The silicone rubber elastomeric material must be flexible at temperatures of from below freezing to those temperatures normally found in home or commercial washing machines and dryers. Hence temperatures of from about 30°F. below zero to temperatures of from 250°F. to 300°F. are required. The silicone material should have a Shore-A hardness of from 20 to 45 as measured by American Society of Testing Materials, ASTM-D-676. The silicone material should have a tensile strength of from 250 psi to 500 psi and a percent elongation of from 100 to 500 percent as measured by ASTM-D-412. The silicone should have a linear shrinkage of 2% or less.
In FIG. 2 of the drawings there is shown a schematic view of apparatus for carrying out the method of the present invention. In the method a roll of untreated "curtain" fabric 15 is carried by a conveyor 16 beneath a silicone applying and metering head 17. The silicone material is fed from a reservoir 18 through a pump 19 to the head. The head may comprise a plurality of nozzles 20 or hypodermic needles or other means for metering and feeding the silicone onto the fabric. The nozzles may be oscillated and/or fed intermittently to produce any desired pattern of the silicone on the fabric. The silicone material used must have a viscosity of from 12,000 centipoises to 25,000 centipoises. If it is not within this range of viscosities it will either flow too greatly or plug the needles or otherwise disrupt and make the process inoperable. After the silicone is applied to the fabric it is allowed to remain on the fabric for a fraction of a second up to a few minutes to allow it to seep into the permeable areas or portions of the fabric and produce adequate bonding. The reach of the conveyor from point A to B allows the time for the required seepage. The seepage may be carried out at room temperature and approximately 40% relative humidity and requires only a short period of time but a finite period of time.

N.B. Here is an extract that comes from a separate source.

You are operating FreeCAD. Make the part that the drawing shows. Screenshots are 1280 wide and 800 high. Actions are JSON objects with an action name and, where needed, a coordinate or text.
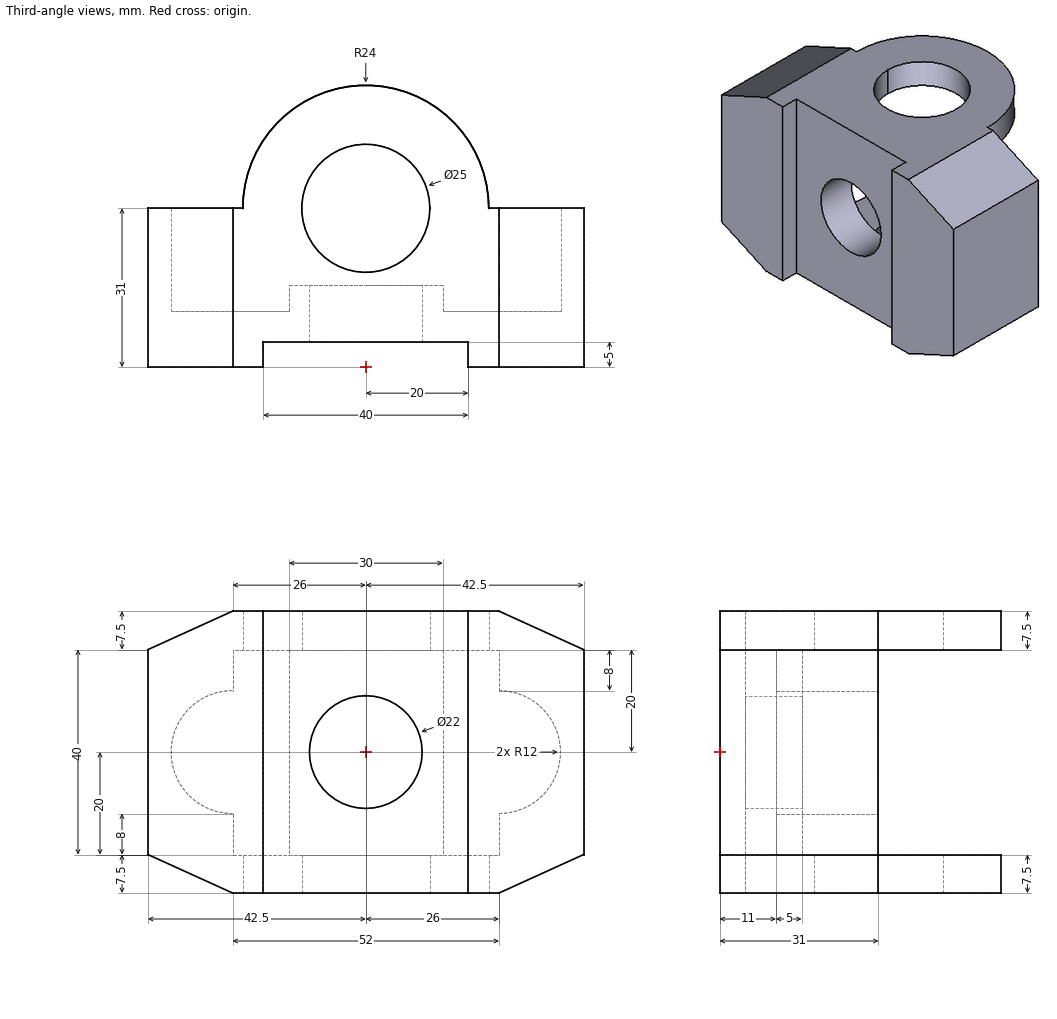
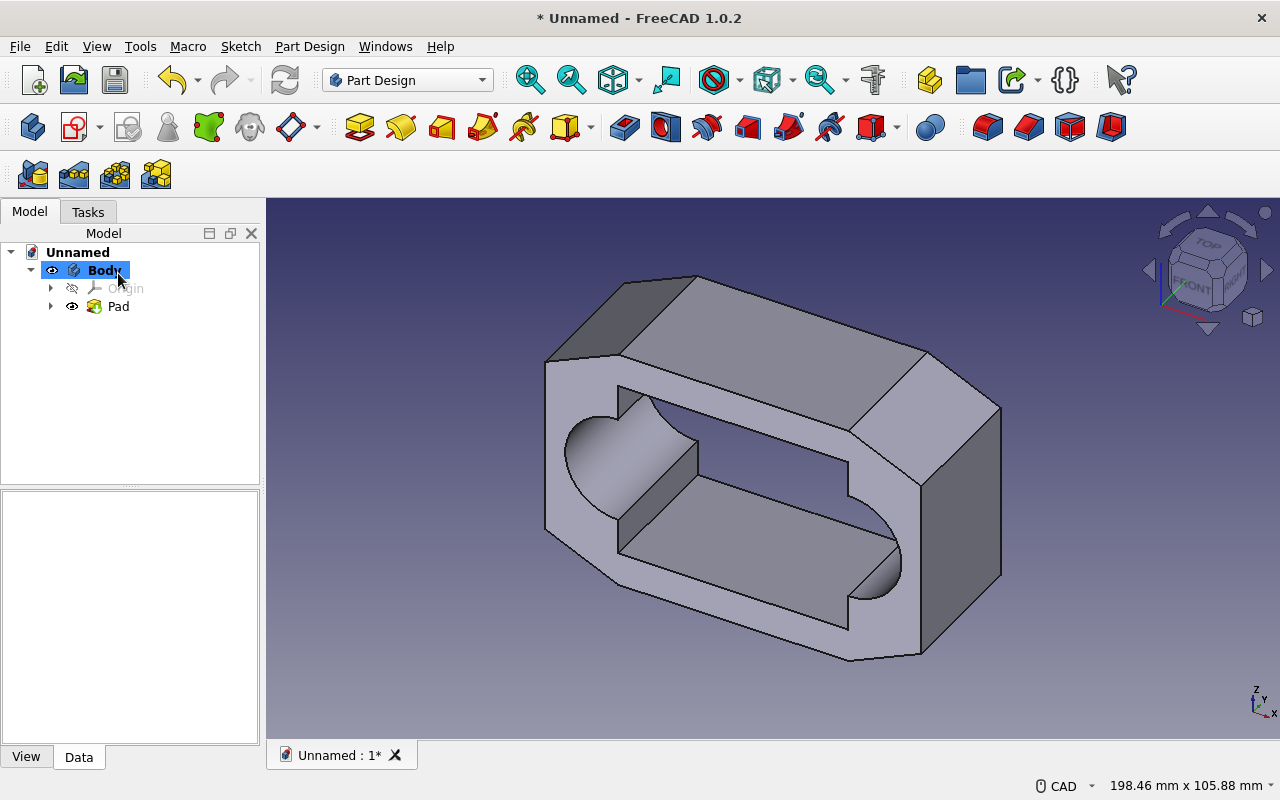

After the silicone material is allowed to seep into the fabric the fabric is passed through an oven 21 and the silicone material cured. The silicone is cured at a temperature of from 90°F. to 185°F. for a period of time of from 5 to 30 minutes at a relative humidity of between 25 to 80 percent. The drying atmosphere which is preferably air should contain at least 7 grains of water per cubic foot for suitable curing. To produce suitable fabric for use in waistbands the silicone should have a tack-free time of less than 40 minutes. Approximately 11/2 to 4 grams of silicone per linear yard of fabric is used to provide the requisite frictional characteristics in the waistband product.
After the fabric with the silicone thereon is cured it is aged for a period of a few hours to 24 hours or more. The aging is accomplished by placing the fabric with the silicone thereon after curing into cans 22 or cardboard cartons in a more or less unconfined state to allow the silicone material to age, drive off the acetic acid or other volatile materials which might disrupt the final properties of washability, dry cleanability, color fastness and the like.
After the treated fabric is aged it is rolled onto spools or otherwise packaged and utilized in the manufacture of apparel such as trousers, skirts and the like.
From the foregoing description it will be appreciated that the objects and advantages set forth in this invention have been fully achieved. Modifications will become apparent to those of ordinary skill in the art after reading this disclosure and it is to be understood that this invention is not necessarily limited to details described since the spirit and scope of the invention is defined by the appended claims.